◆ **MATERIALS PROVIDED**
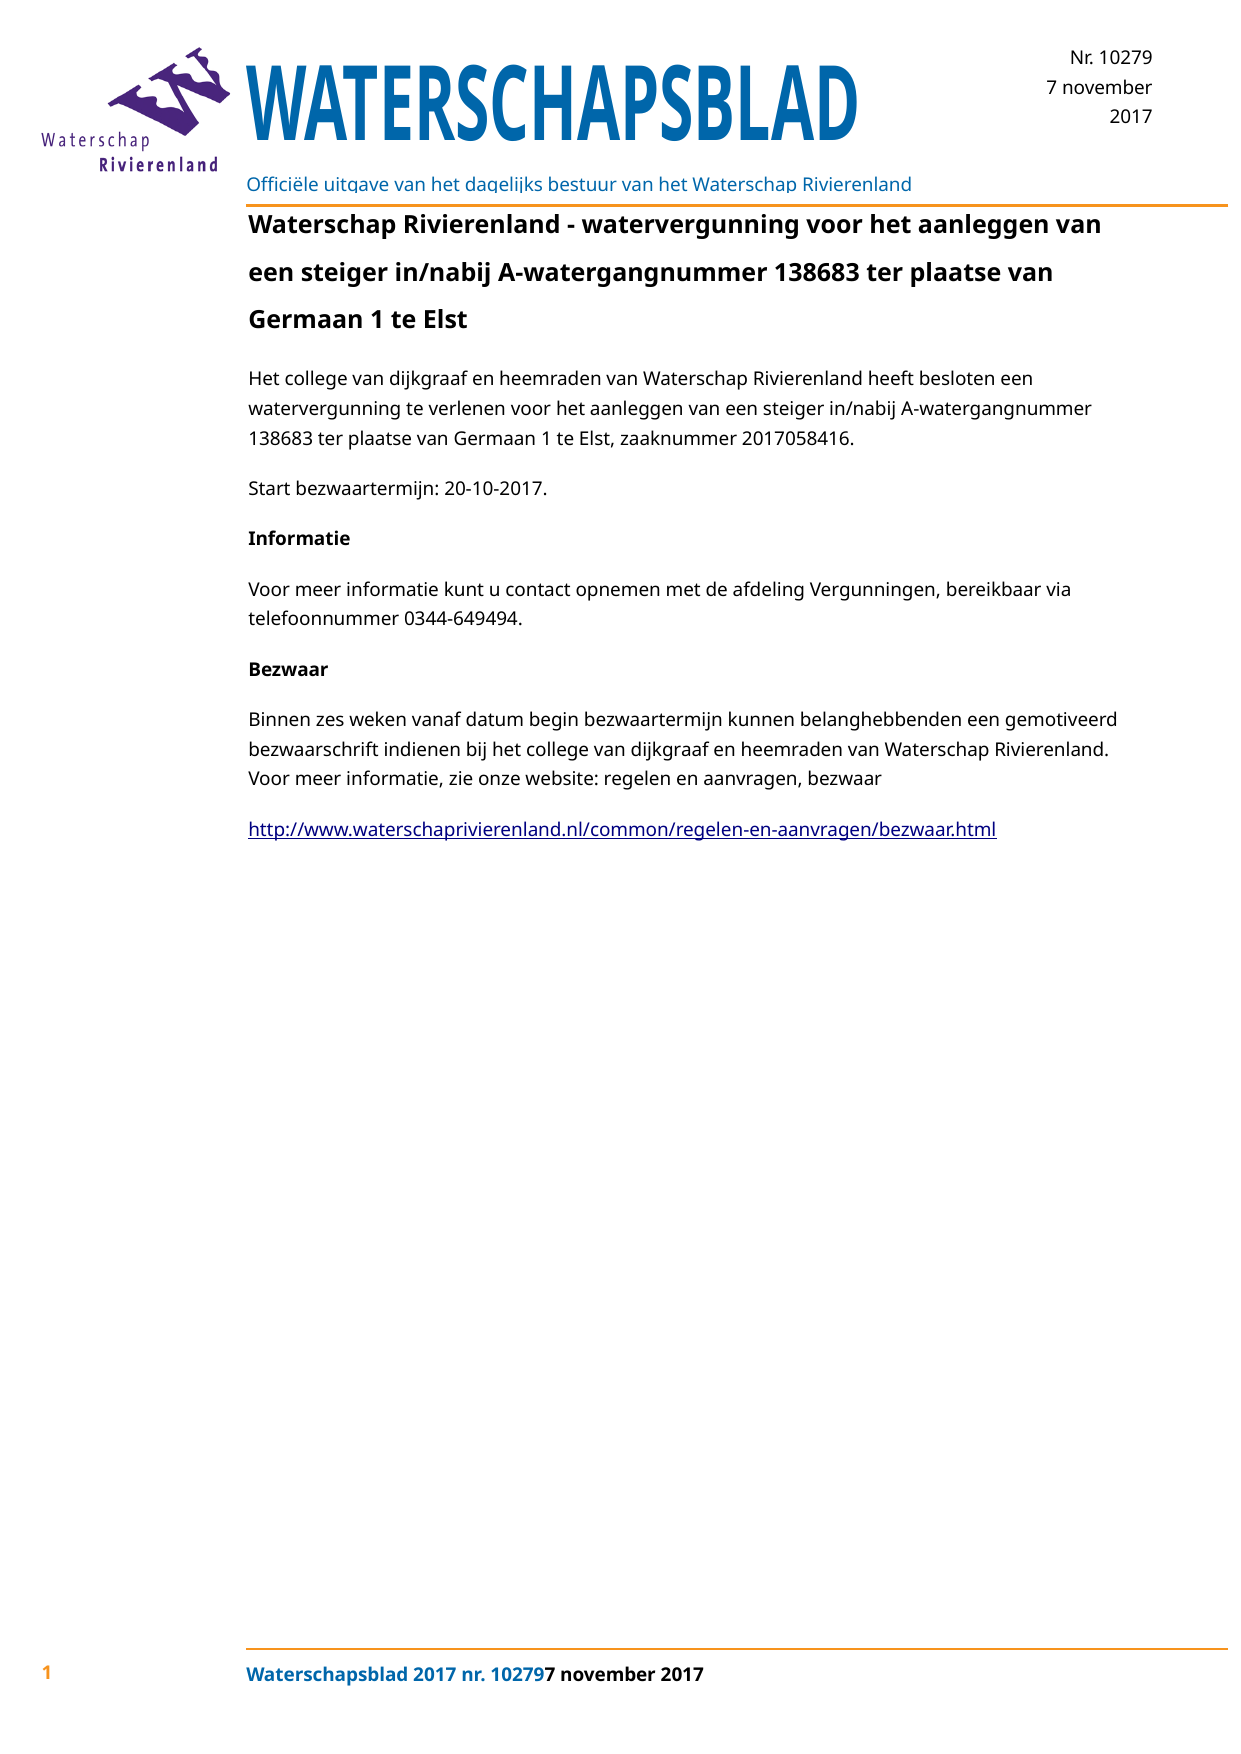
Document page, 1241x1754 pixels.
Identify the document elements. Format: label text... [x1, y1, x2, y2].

text Voor meer informatie kunt u contact opnemen met de afdeling Vergunningen, bereikbaar via telefoonnummer 0344-649494. [248, 576, 1152, 631]
text http://www.waterschaprivierenland.nl/common/regelen-en-aanvragen/bezwaar.html [248, 816, 1152, 842]
text Waterschap Rivierenland - watervergunning voor het aanleggen van een steiger in/nabij A-watergangnummer 138683 ter plaatse van Germaan 1 te Elst [248, 207, 1152, 336]
text Binnen zes weken vanaf datum begin bezwaartermijn kunnen belanghebbenden een gemotiveerd bezwaarschrift indienen bij het college van dijkgraaf en heemraden van Waterschap Rivierenland. Voor meer informatie, zie onze website: regelen en aanvragen, bezwaar [248, 706, 1152, 791]
text Informatie [248, 526, 1152, 551]
text Bezwaar [248, 656, 1152, 682]
text Start bezwaartermijn: 20-10-2017. [248, 475, 1152, 501]
text Het college van dijkgraaf en heemraden van Waterschap Rivierenland heeft besloten een watervergunning te verlenen voor het aanleggen van een steiger in/nabij A-watergangnummer 138683 ter plaatse van Germaan 1 te Elst, zaaknummer 2017058416. [248, 366, 1152, 450]
picture [41, 47, 231, 172]
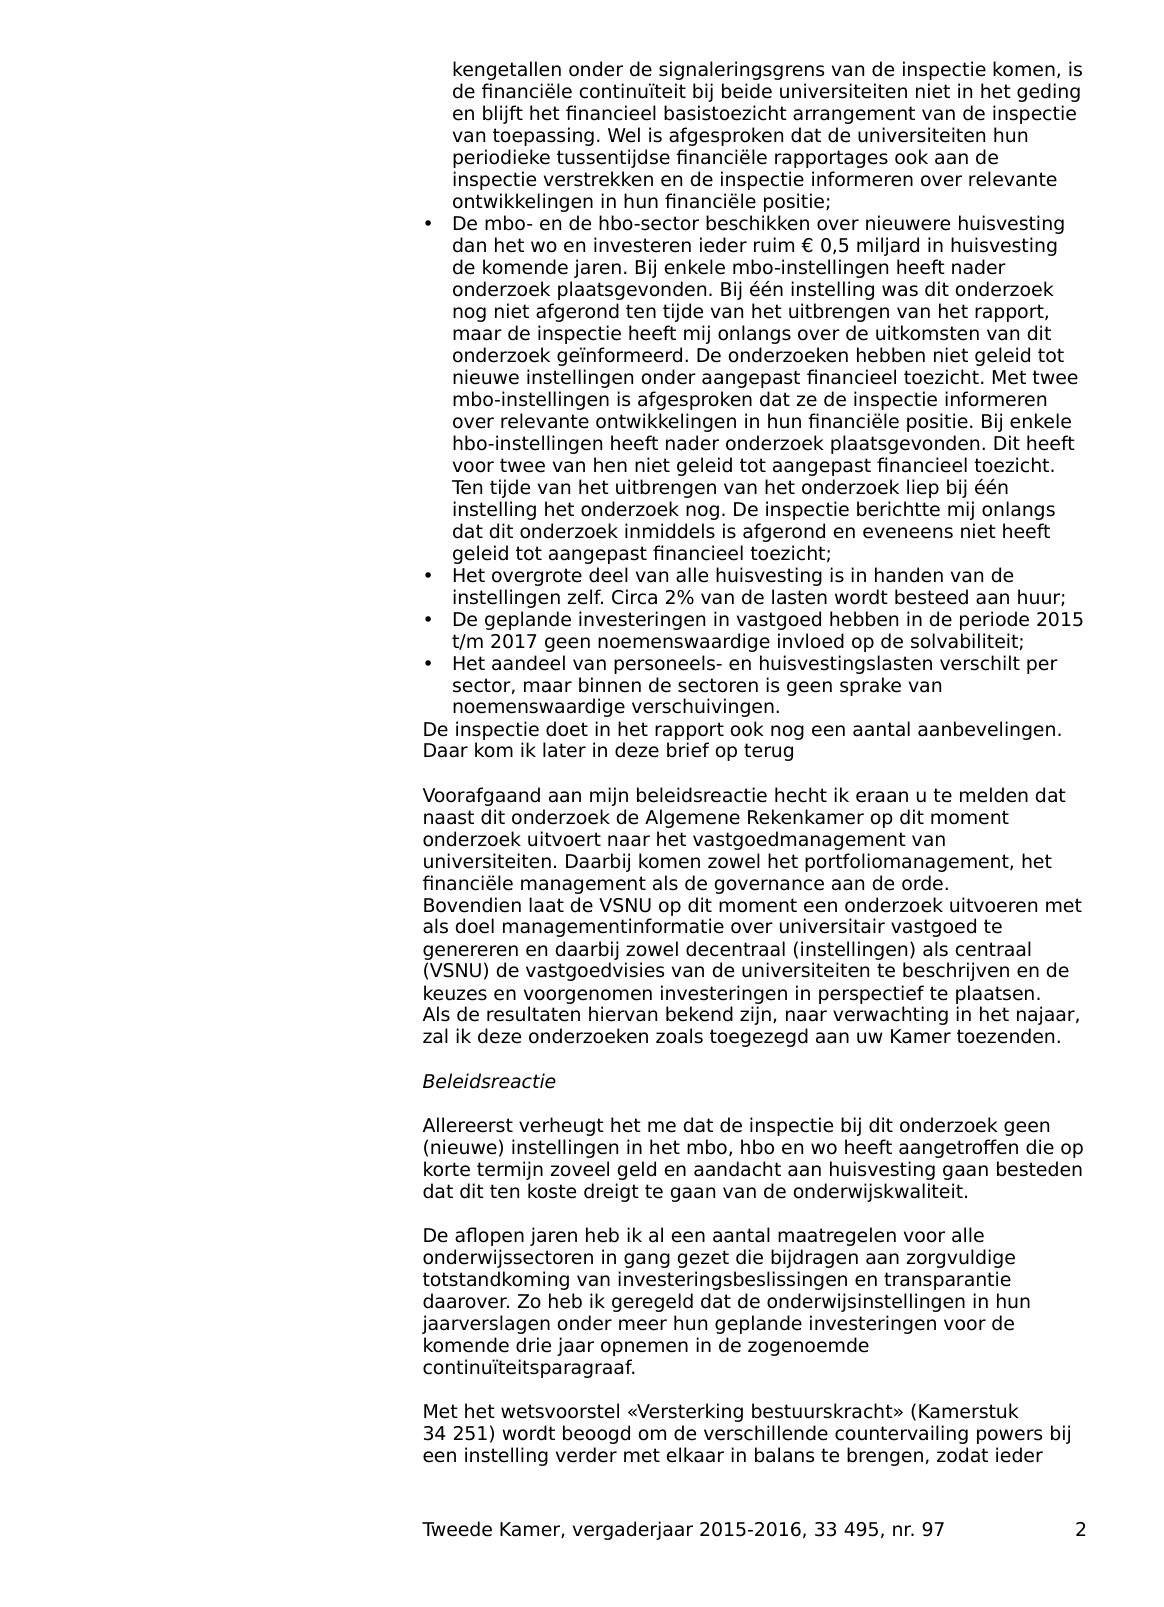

◆ **WORK INSTRUCTION**
Please give again the entries word for word, starting at the first line and ending with the line that contains "text Waterschap Rivierenland"; include both of those lines but none of the pictures.

◆ **EXERCISE RESULT**
Document page, 1241x1754 pixels.
Identify the document elements. Format: label text... [x1, y1, x2, y2].

text Voor meer informatie kunt u contact opnemen met de afdeling Vergunningen, bereikbaar via telefoonnummer 0344-649494. [248, 576, 1152, 631]
text http://www.waterschaprivierenland.nl/common/regelen-en-aanvragen/bezwaar.html [248, 816, 1152, 842]
text Waterschap Rivierenland - watervergunning voor het aanleggen van een steiger in/nabij A-watergangnummer 138683 ter plaatse van Germaan 1 te Elst [248, 207, 1152, 336]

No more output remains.